## Data section
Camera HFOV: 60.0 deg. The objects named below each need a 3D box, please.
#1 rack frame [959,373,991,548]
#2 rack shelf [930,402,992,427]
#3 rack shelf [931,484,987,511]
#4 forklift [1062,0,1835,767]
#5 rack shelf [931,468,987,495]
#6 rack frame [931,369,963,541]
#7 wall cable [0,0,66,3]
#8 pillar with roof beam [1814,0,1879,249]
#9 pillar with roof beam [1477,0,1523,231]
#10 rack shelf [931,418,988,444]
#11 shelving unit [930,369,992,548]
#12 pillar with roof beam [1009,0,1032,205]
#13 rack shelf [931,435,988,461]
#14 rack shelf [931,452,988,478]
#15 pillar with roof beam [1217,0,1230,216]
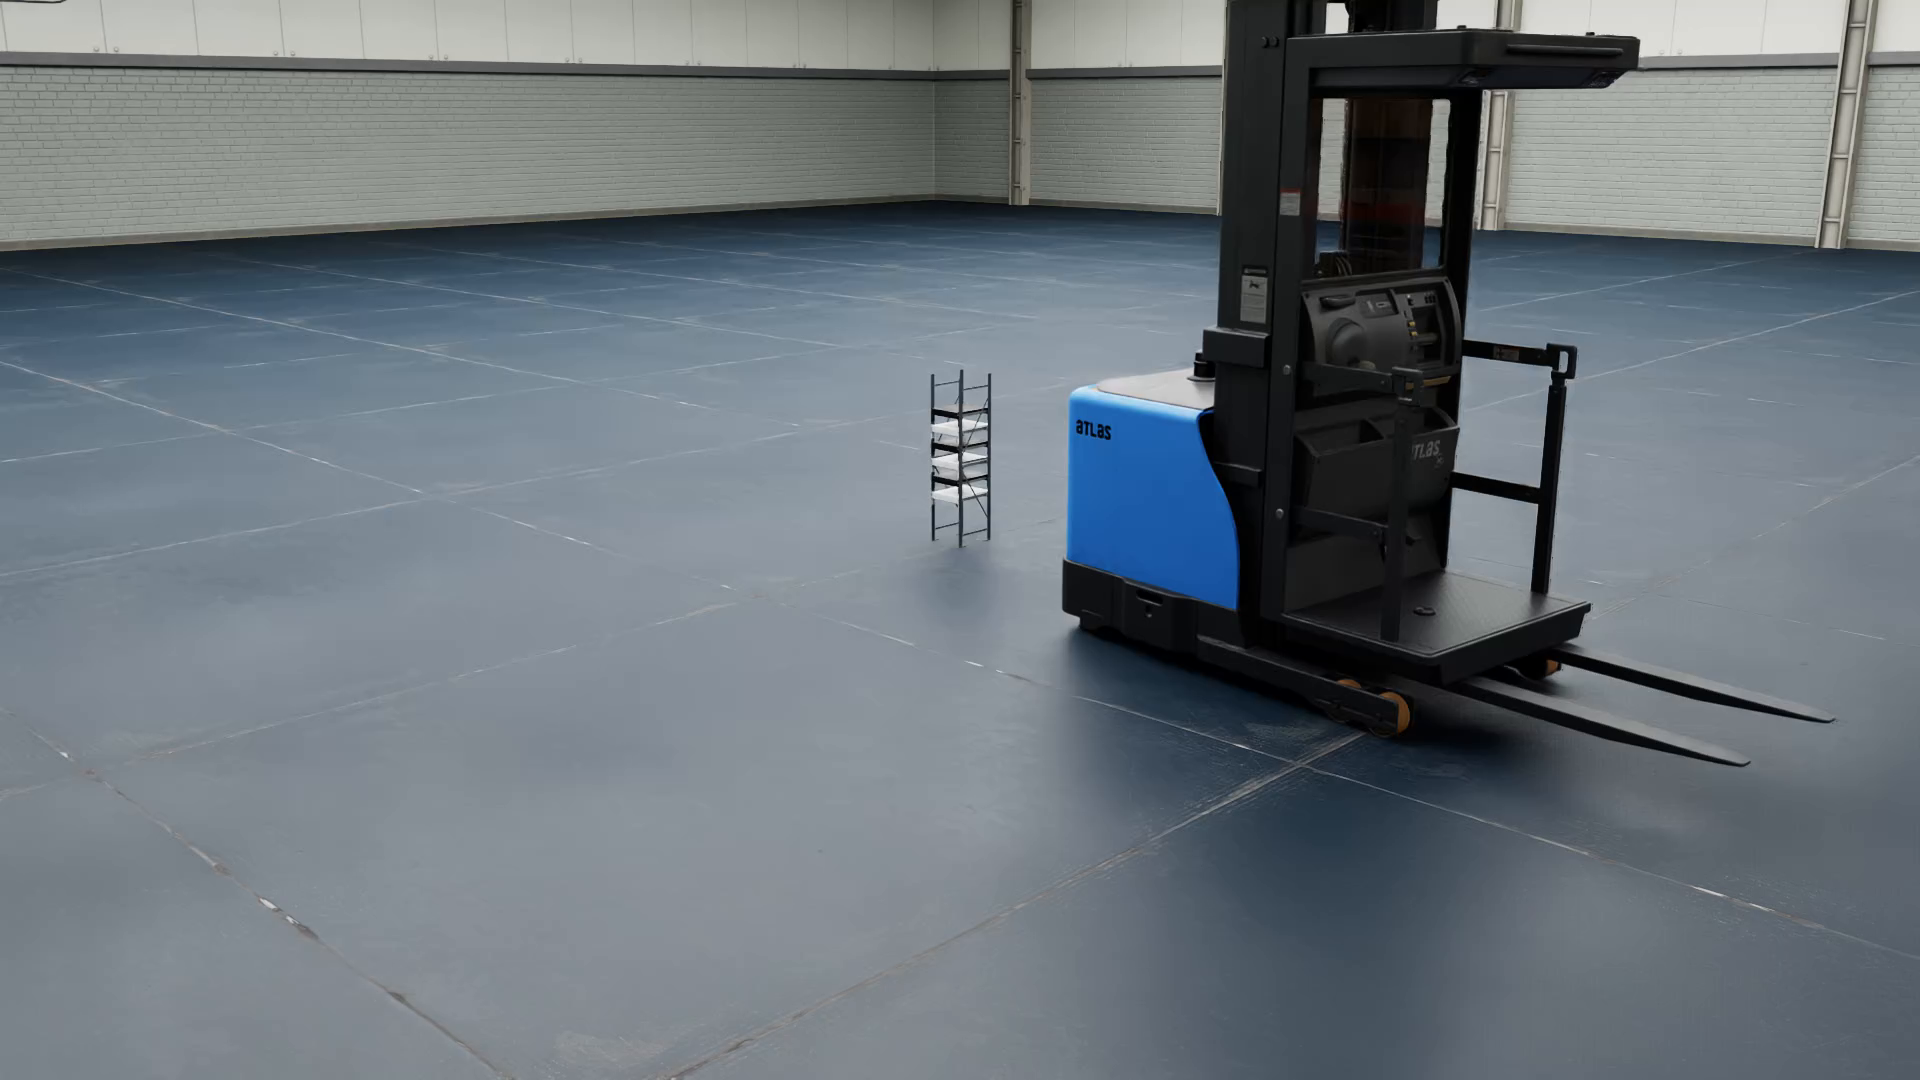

## Exercise directions
In the material above, transcribe exactly the lines beginning at the one with "#2 rack shelf [930,402,992,427]" and ending at the one with "#12 pillar with roof beam [1009,0,1032,205]", both included.

## Solution for this exercise
#2 rack shelf [930,402,992,427]
#3 rack shelf [931,484,987,511]
#4 forklift [1062,0,1835,767]
#5 rack shelf [931,468,987,495]
#6 rack frame [931,369,963,541]
#7 wall cable [0,0,66,3]
#8 pillar with roof beam [1814,0,1879,249]
#9 pillar with roof beam [1477,0,1523,231]
#10 rack shelf [931,418,988,444]
#11 shelving unit [930,369,992,548]
#12 pillar with roof beam [1009,0,1032,205]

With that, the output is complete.